According to the report, Rutgers' student voting rate outpaced other comparable higher education institutions. In the 2018 midterm election, Rutgers-New Brunswick's student voting rate was nearly 43 percent - a 32 percent increase from the student voting rate in the 2014 midterm election, which was just 11 percent. Rutgers' student voter turnout in 2018 (52.4 percent) also surpassed the nationwide average for youth voter turnout during the 2018 midterm elections (31 percent).

The new data was released just in time for Constitution Week. Eagleton's Center for Youth Political Participation, established in 2017, marked the week by organizing  multiple voter registration drives throughout the Rutgers-New Brunswick campus as part of its RU Voting initiative. The increase in Rutgers student voting underscores the impact active civic engagement efforts, like RU Voting, can have on student voter registration and turnout rates.
Fellows Explore Legislative Policymaking and Redistricting
"The Legislative Policymaking seminar at Eagleton focuses on the dynamics of how policies are enacted in the states by governors and legislatures, combining readings, case studies, guest speakers, and assignments grounded in experience with practitioners. The course provides academic and practical preparation for Eagleton Fellows' placements with the New Jersey Legislature during the spring semester and potential careers in public policy," said Richard Bagger, who teaches the course and is a Visiting Associate. Bagger is a former New Jersey state senator, mayor, and chief of staff to former Governor Chris Christie.

The course offers students the opportunity to analyze emerging political topics with practitioners who speak about their first-hand experience in government, politics, and policy. This week, Eagleton director John J. Farmer, Jr. spoke with Fellows about the congressional and legislative redistricting process.

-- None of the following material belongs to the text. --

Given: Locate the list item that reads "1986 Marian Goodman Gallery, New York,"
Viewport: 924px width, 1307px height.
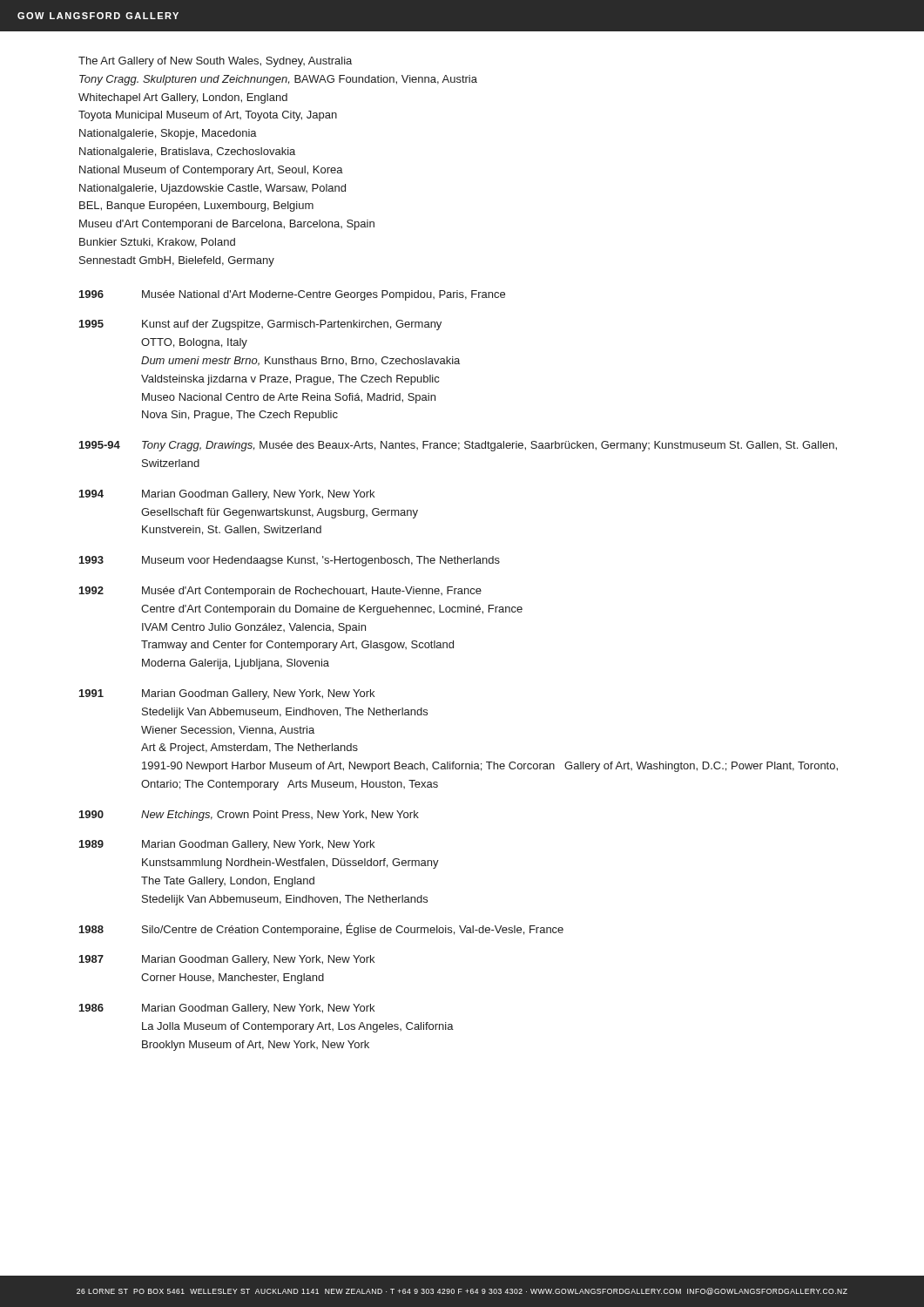Looking at the screenshot, I should point(227,1009).
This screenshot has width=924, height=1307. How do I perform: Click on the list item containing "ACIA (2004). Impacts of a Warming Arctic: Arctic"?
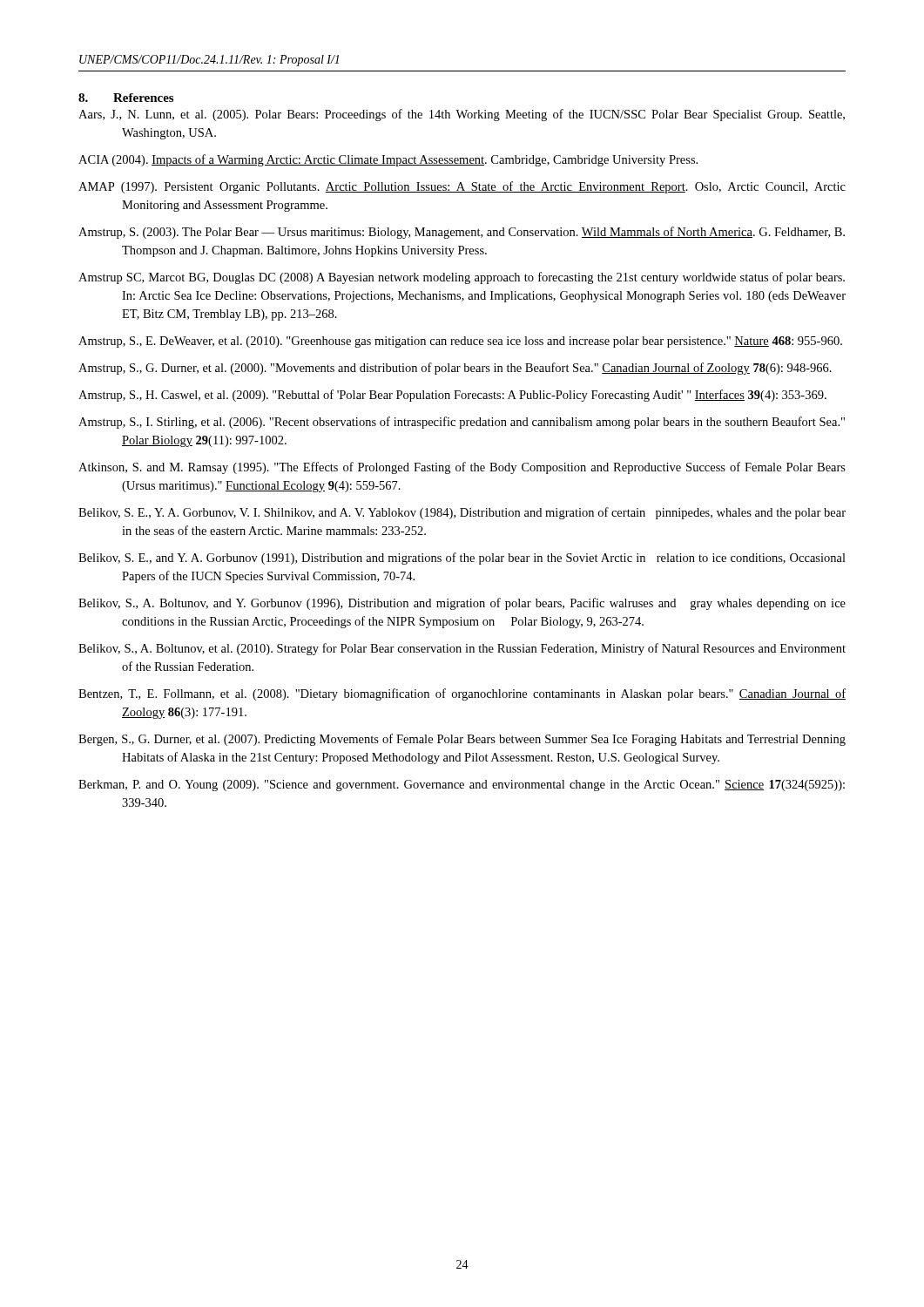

In 2011, Farmer served as counsel to the commission that redrew New Jersey's legislative districts and, later that year, was appointed the independent, tie-breaking member of the commission charged with developing New Jersey's congressional district maps.

The Eagleton Graduate Fellowship Program offers Rutgers graduate students from all schools, departments, and campus locations the opportunity study American politics and government by linking its day-to-day practice with their subject area through coursework, experienced practitioners, and a placement in government.
ECPIP Launches New Digital and Interactive Poll Archive
The Eagleton Center for Public Interest Polling (ECPIP) launched a digital poll archive to make five decades worth of data easily accessible to policymakers, scholars, and the public. The interactive online platform provides access to all survey data, questionnaires, and press releases from Rutgers-Eagleton statewide polls of New Jersey residents on matters of political and social interest since 1971. The interactive archive was made possible by a grant from the Fund for New Jersey.

The new online archive also houses questionnaires, datasets, and reports from 19 iterations of The New Brunswick Community Survey, a time series study of residents of the City of New Brunswick with data from 1976-2016. A 2018-2019 Rutgers Community-University Partnership Grant supported this addition to the archive.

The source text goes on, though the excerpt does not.